**Material to process:**
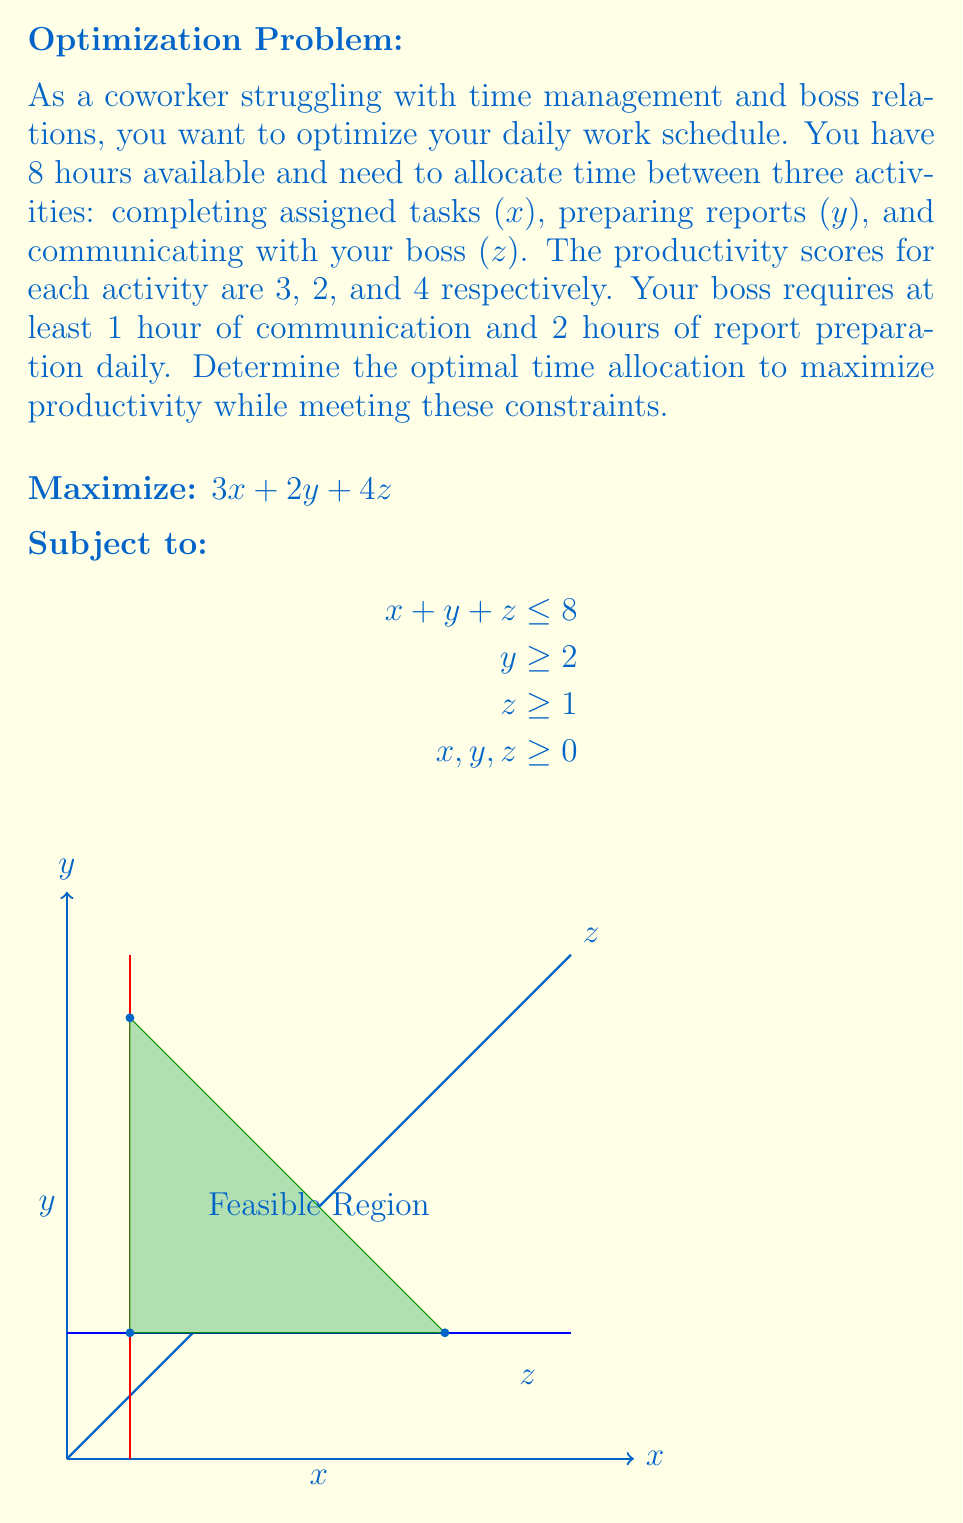Teach me how to tackle this problem. To solve this linear programming problem, we'll use the graphical method:

1) Plot the constraints:
   - $x + y + z = 8$ (our budget line)
   - $y = 2$ (minimum report preparation time)
   - $z = 1$ (minimum communication time)

2) Identify the feasible region (shaded in green in the diagram).

3) Find the corner points of the feasible region:
   A(1, 2, 5), B(5, 2, 1), C(1, 6, 1)

4) Evaluate the objective function at each corner point:
   A: $3(1) + 2(2) + 4(5) = 25$
   B: $3(5) + 2(2) + 4(1) = 21$
   C: $3(1) + 2(6) + 4(1) = 19$

5) The maximum value occurs at point A(1, 2, 5), which represents:
   - 1 hour on assigned tasks (x)
   - 2 hours on report preparation (y)
   - 5 hours on communication with the boss (z)

This allocation maximizes productivity while meeting all constraints.
Answer: Optimal allocation: (1, 2, 5) hours for tasks, reports, and communication respectively. 
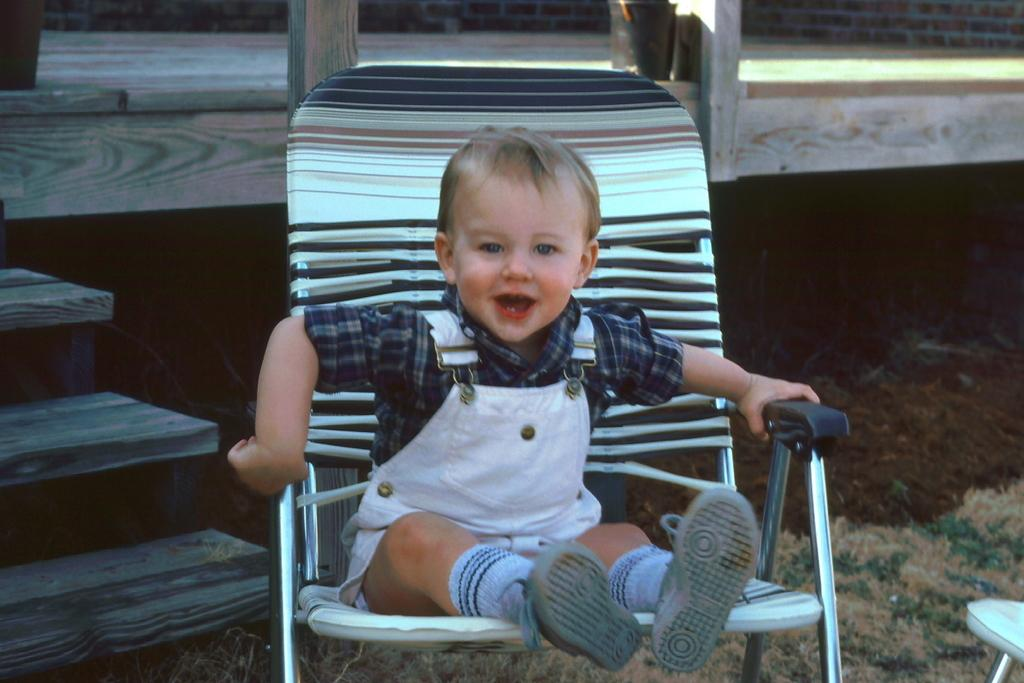What is the main subject of the image? There is a baby in the image. What is the baby wearing? The baby is wearing a white and black dress. Where is the baby sitting? The baby is sitting on a chair. What can be seen in the background of the image? There is a wooden wall and steps in the background of the image. What type of steel structure can be seen in the image? There is no steel structure present in the image. Can you hear the sound of thunder in the image? There is no sound or indication of thunder in the image. 
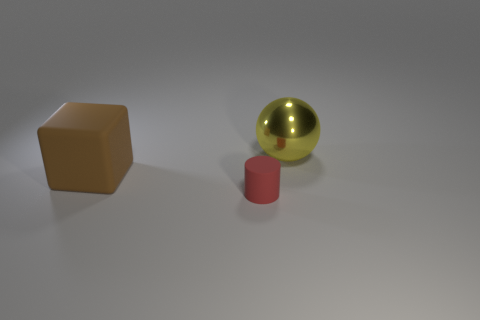Add 1 small blue rubber things. How many objects exist? 4 Subtract 0 yellow cylinders. How many objects are left? 3 Subtract all blocks. How many objects are left? 2 Subtract all big cubes. Subtract all big brown cubes. How many objects are left? 1 Add 3 yellow spheres. How many yellow spheres are left? 4 Add 1 brown rubber cubes. How many brown rubber cubes exist? 2 
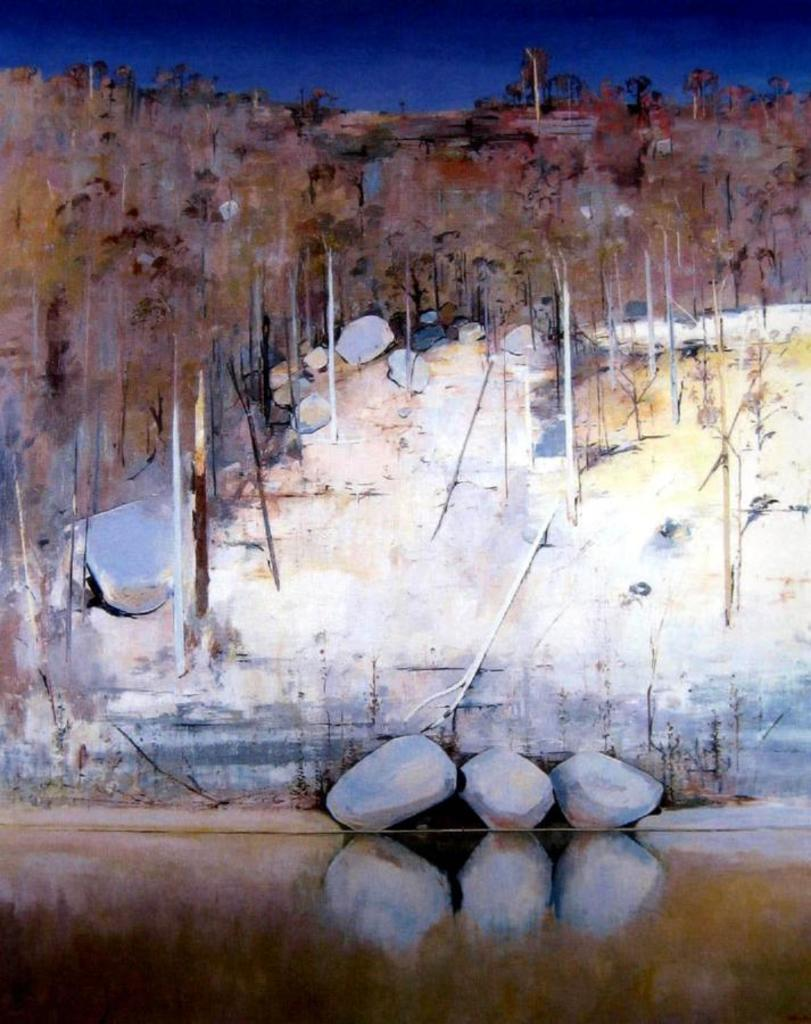What can be seen in the sky in the image? The sky is visible in the image. What type of vegetation is present in the image? There are trees in the image. What other natural elements can be seen in the image? There are rocks and grass in the image. How is the grass depicted in the image? The grass is truncated towards the bottom of the image. Can you hear the people laughing in the image? There are no people or sounds present in the image, so it is not possible to hear any laughter. 
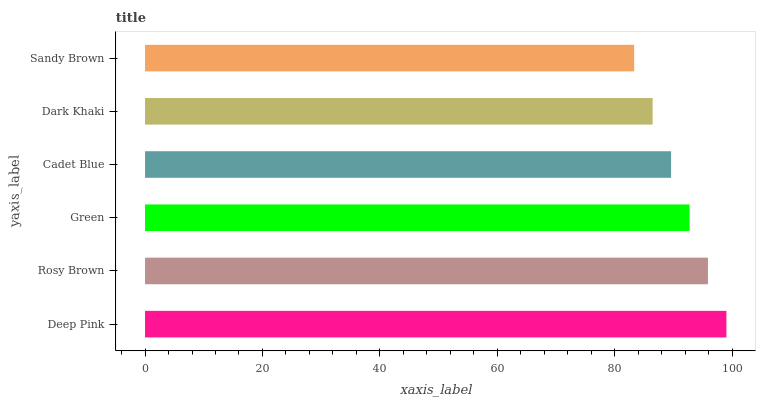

**What to do:** Without any pictures, reproduce the lines from the first one in the material through the line that has "Answer: Optimal allocation: (1, 2, 5)", exactly as they appear.

**Written answer:**
Teach me how to tackle this problem. To solve this linear programming problem, we'll use the graphical method:

1) Plot the constraints:
   - $x + y + z = 8$ (our budget line)
   - $y = 2$ (minimum report preparation time)
   - $z = 1$ (minimum communication time)

2) Identify the feasible region (shaded in green in the diagram).

3) Find the corner points of the feasible region:
   A(1, 2, 5), B(5, 2, 1), C(1, 6, 1)

4) Evaluate the objective function at each corner point:
   A: $3(1) + 2(2) + 4(5) = 25$
   B: $3(5) + 2(2) + 4(1) = 21$
   C: $3(1) + 2(6) + 4(1) = 19$

5) The maximum value occurs at point A(1, 2, 5), which represents:
   - 1 hour on assigned tasks (x)
   - 2 hours on report preparation (y)
   - 5 hours on communication with the boss (z)

This allocation maximizes productivity while meeting all constraints.
Answer: Optimal allocation: (1, 2, 5) hours for tasks, reports, and communication respectively. 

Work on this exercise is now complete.